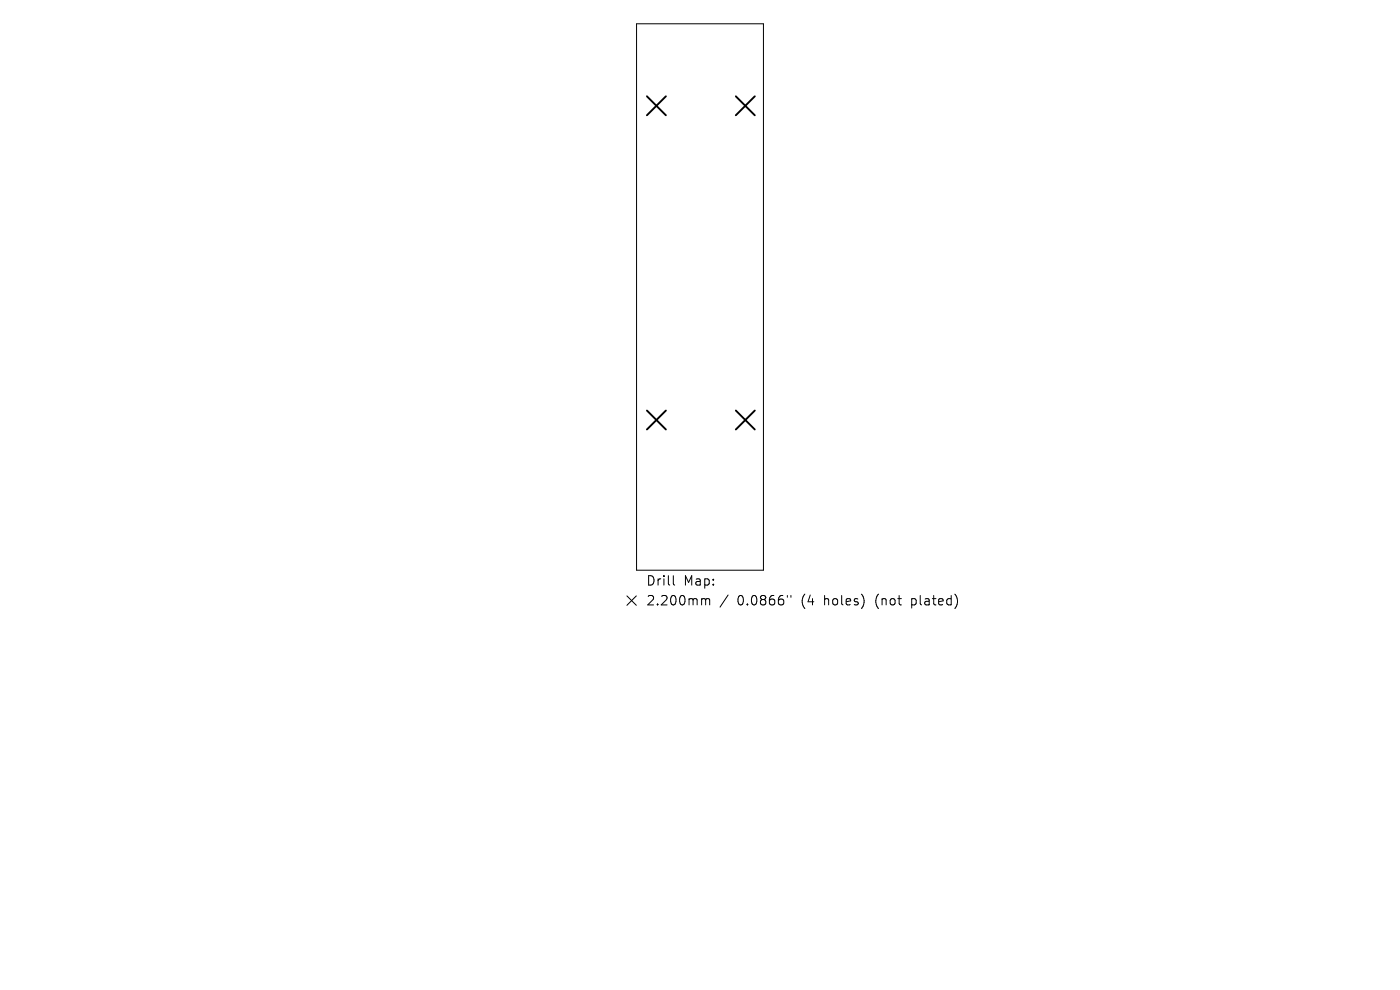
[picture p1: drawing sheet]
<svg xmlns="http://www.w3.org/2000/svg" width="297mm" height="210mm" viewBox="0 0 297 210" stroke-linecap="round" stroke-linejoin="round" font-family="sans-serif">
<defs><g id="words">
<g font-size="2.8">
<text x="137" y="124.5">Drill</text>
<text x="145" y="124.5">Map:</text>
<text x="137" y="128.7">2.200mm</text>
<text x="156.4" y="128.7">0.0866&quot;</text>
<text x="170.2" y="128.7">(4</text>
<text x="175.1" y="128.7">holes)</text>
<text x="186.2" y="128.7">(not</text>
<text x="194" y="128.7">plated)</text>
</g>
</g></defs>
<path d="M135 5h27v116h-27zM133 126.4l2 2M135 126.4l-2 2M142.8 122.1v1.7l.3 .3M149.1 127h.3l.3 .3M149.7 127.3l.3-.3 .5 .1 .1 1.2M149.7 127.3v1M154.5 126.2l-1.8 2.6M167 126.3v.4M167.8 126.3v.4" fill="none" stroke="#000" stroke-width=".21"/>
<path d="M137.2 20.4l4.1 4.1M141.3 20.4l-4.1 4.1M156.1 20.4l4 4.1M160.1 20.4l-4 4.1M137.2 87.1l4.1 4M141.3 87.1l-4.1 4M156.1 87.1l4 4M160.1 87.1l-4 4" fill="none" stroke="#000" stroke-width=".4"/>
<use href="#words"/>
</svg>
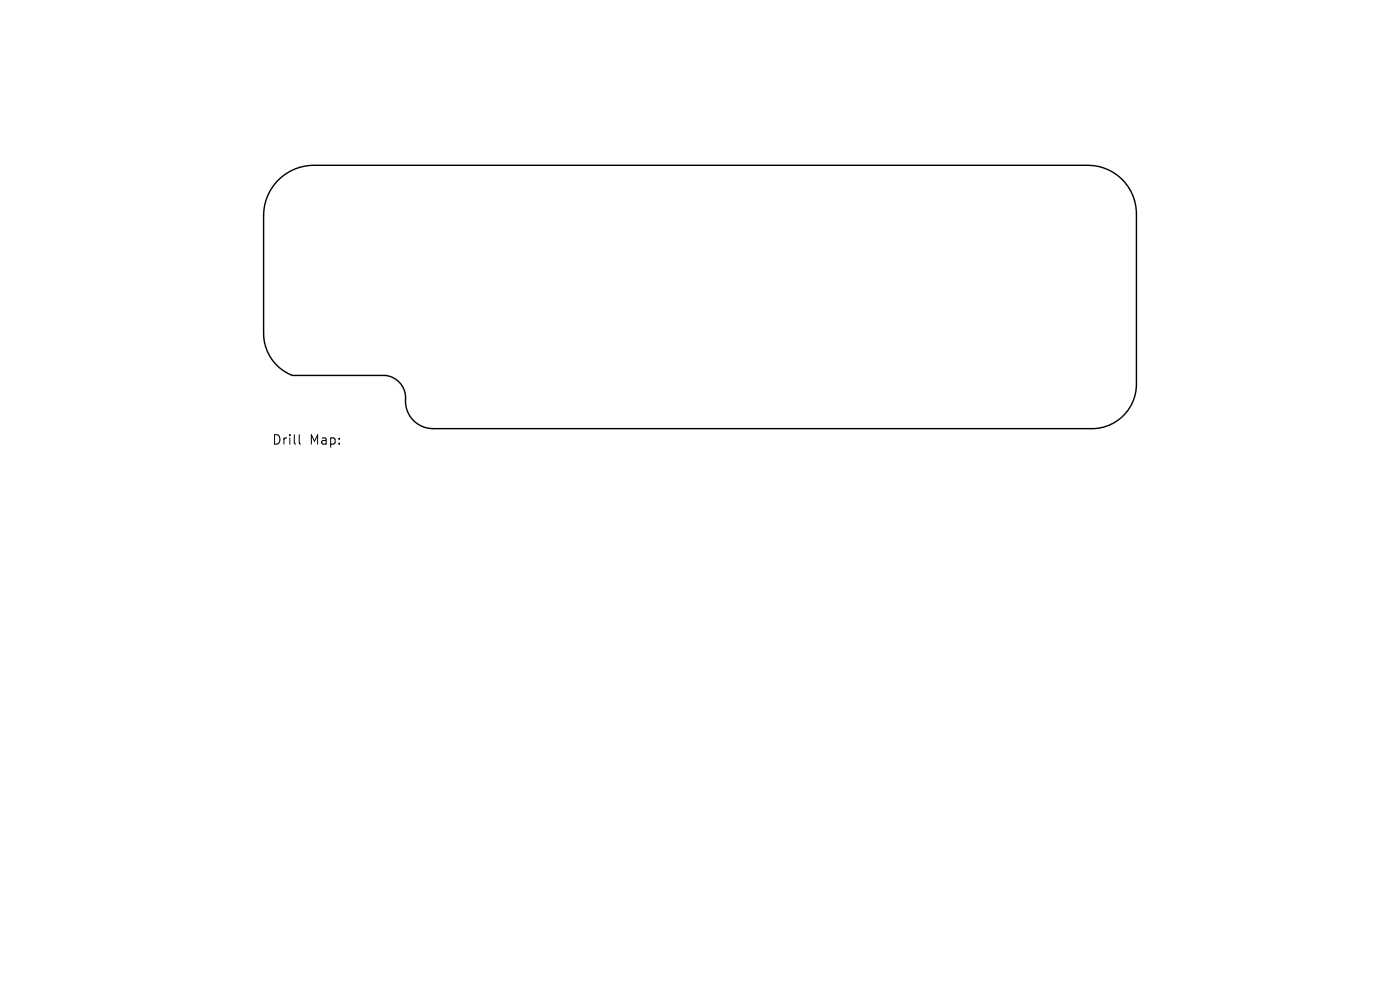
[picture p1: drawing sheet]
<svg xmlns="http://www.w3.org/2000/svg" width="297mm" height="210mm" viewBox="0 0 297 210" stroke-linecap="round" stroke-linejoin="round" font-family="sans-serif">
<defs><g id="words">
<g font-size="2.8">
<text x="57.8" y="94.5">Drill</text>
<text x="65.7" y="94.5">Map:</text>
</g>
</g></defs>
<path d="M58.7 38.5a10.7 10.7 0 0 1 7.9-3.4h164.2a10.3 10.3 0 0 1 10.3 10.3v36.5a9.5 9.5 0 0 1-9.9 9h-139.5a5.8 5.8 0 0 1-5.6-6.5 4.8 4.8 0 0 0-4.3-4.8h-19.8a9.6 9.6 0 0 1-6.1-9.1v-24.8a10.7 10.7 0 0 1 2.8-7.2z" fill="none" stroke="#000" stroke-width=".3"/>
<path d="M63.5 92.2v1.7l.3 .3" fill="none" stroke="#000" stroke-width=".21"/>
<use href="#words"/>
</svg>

* * *

* Try it
Output every entry above exactly, minus the pictures.

* Result
[picture p1: drawing sheet]
<svg xmlns="http://www.w3.org/2000/svg" width="297mm" height="210mm" viewBox="0 0 297 210" stroke-linecap="round" stroke-linejoin="round" font-family="sans-serif">
<defs><g id="words">
<g font-size="2.8">
<text x="137" y="124.5">Drill</text>
<text x="145" y="124.5">Map:</text>
<text x="137" y="128.7">2.200mm</text>
<text x="156.4" y="128.7">0.0866&quot;</text>
<text x="170.2" y="128.7">(4</text>
<text x="175.1" y="128.7">holes)</text>
<text x="186.2" y="128.7">(not</text>
<text x="194" y="128.7">plated)</text>
</g>
</g></defs>
<path d="M135 5h27v116h-27zM133 126.4l2 2M135 126.4l-2 2M142.8 122.1v1.7l.3 .3M149.1 127h.3l.3 .3M149.7 127.3l.3-.3 .5 .1 .1 1.2M149.7 127.3v1M154.5 126.2l-1.8 2.6M167 126.3v.4M167.8 126.3v.4" fill="none" stroke="#000" stroke-width=".21"/>
<path d="M137.2 20.4l4.1 4.1M141.3 20.4l-4.1 4.1M156.1 20.4l4 4.1M160.1 20.4l-4 4.1M137.2 87.1l4.1 4M141.3 87.1l-4.1 4M156.1 87.1l4 4M160.1 87.1l-4 4" fill="none" stroke="#000" stroke-width=".4"/>
<use href="#words"/>
</svg>
[picture p1: drawing sheet]
<svg xmlns="http://www.w3.org/2000/svg" width="297mm" height="210mm" viewBox="0 0 297 210" stroke-linecap="round" stroke-linejoin="round" font-family="sans-serif">
<defs><g id="words">
<g font-size="2.8">
<text x="57.8" y="94.5">Drill</text>
<text x="65.7" y="94.5">Map:</text>
</g>
</g></defs>
<path d="M58.7 38.5a10.7 10.7 0 0 1 7.9-3.4h164.2a10.3 10.3 0 0 1 10.3 10.3v36.5a9.5 9.5 0 0 1-9.9 9h-139.5a5.8 5.8 0 0 1-5.6-6.5 4.8 4.8 0 0 0-4.3-4.8h-19.8a9.6 9.6 0 0 1-6.1-9.1v-24.8a10.7 10.7 0 0 1 2.8-7.2z" fill="none" stroke="#000" stroke-width=".3"/>
<path d="M63.5 92.2v1.7l.3 .3" fill="none" stroke="#000" stroke-width=".21"/>
<use href="#words"/>
</svg>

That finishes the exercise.